Before content goes live, the creator submits a draft for you to review inside Scoop. You can comment, request edits, approve, or reject the draft, and you can run as many revision rounds as you need. This step is called Brand Review.
How a draft arrives
The creator builds their draft inside the Creator Portal. They upload the asset (a video for Reels or TikTok, an image for a feed post, etc.) and write the caption. When they hit submit, you get an in-app notification and an email letting you know there's a draft waiting.
From your project dashboard, the deal will surface with a draft submitted status. Click into it to open the Review page.
What you can do on the Review page
The Review page is built around the asset itself. You can:
Watch the video or view the image at full quality, exactly as it would appear on the platform
Read the caption in the form the creator is planning to publish
Leave timestamped comments on video by clicking a specific moment in the timeline (great for "trim this intro" or "the audio dips here")
Leave general comments for the asset overall or the caption
Request a revision with a structured note explaining what needs to change
Approve the draft so the creator can move toward publishing
Reject the draft if it's so far off-brief that a revision wouldn't fix it
You can review the caption right alongside the asset. The caption is part of the deliverable, not an afterthought.
Revision rounds
If you ask for changes, the deal goes back to the creator with your notes. They make edits, resubmit, and you get a fresh draft to review. There's no hard limit on revision rounds, although most deals resolve in one or two rounds if your brief was clear.

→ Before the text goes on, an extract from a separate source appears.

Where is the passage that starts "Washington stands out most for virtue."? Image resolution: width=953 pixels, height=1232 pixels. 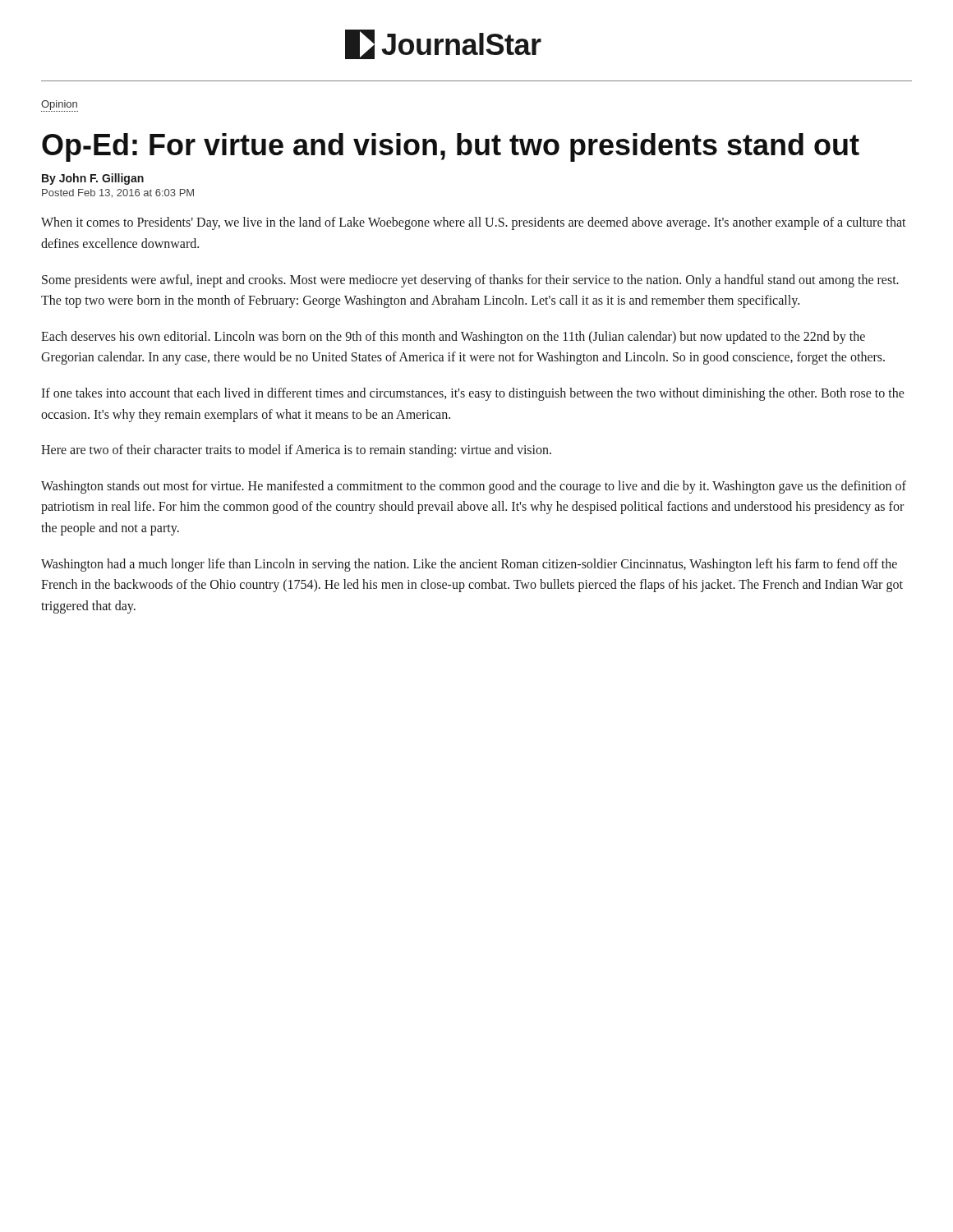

Every revision creates a new version of the draft, and you can scroll through version history on the Review page. This is useful when you want to compare the latest cut against what the creator originally submitted, or when you need to remind yourself what feedback was already addressed.
AI Audit on guidelines
If you've attached brand guidelines to the project, Scoop can run an AI Audit on each draft. The audit looks at the asset and caption side by side with your brief and highlights things like:
Whether the product is shown and shown clearly
Whether required disclosures or hashtags are present
Whether the messaging matches the talking points you provided
Whether the tone is on-brand
The audit is a starting point, not a verdict. Treat it as a checklist that helps you catch easy misses before approving, and add your own human judgement on the creative side.
After approval
Once you approve a draft, the deliverable enters the publishing state. The creator is cleared to post and Scoop starts watching for the published content.
If a payment milestone was tied to draft approval, it unlocks at this step so you can mark it as paid.
Tips for a fast review cycle
Be specific in your comments. "Make it punchier" is hard to action. "Cut the first three seconds and start on the close-up" is easy.
Bundle feedback into one revision request. Sending five separate revision requests slows things down. Front-load everything you noticed.
Use timestamps liberally on video. Creators love precise notes because it removes guessing.
Set expectations on turnaround. Aim for under 48 hours from submission to approval to keep momentum.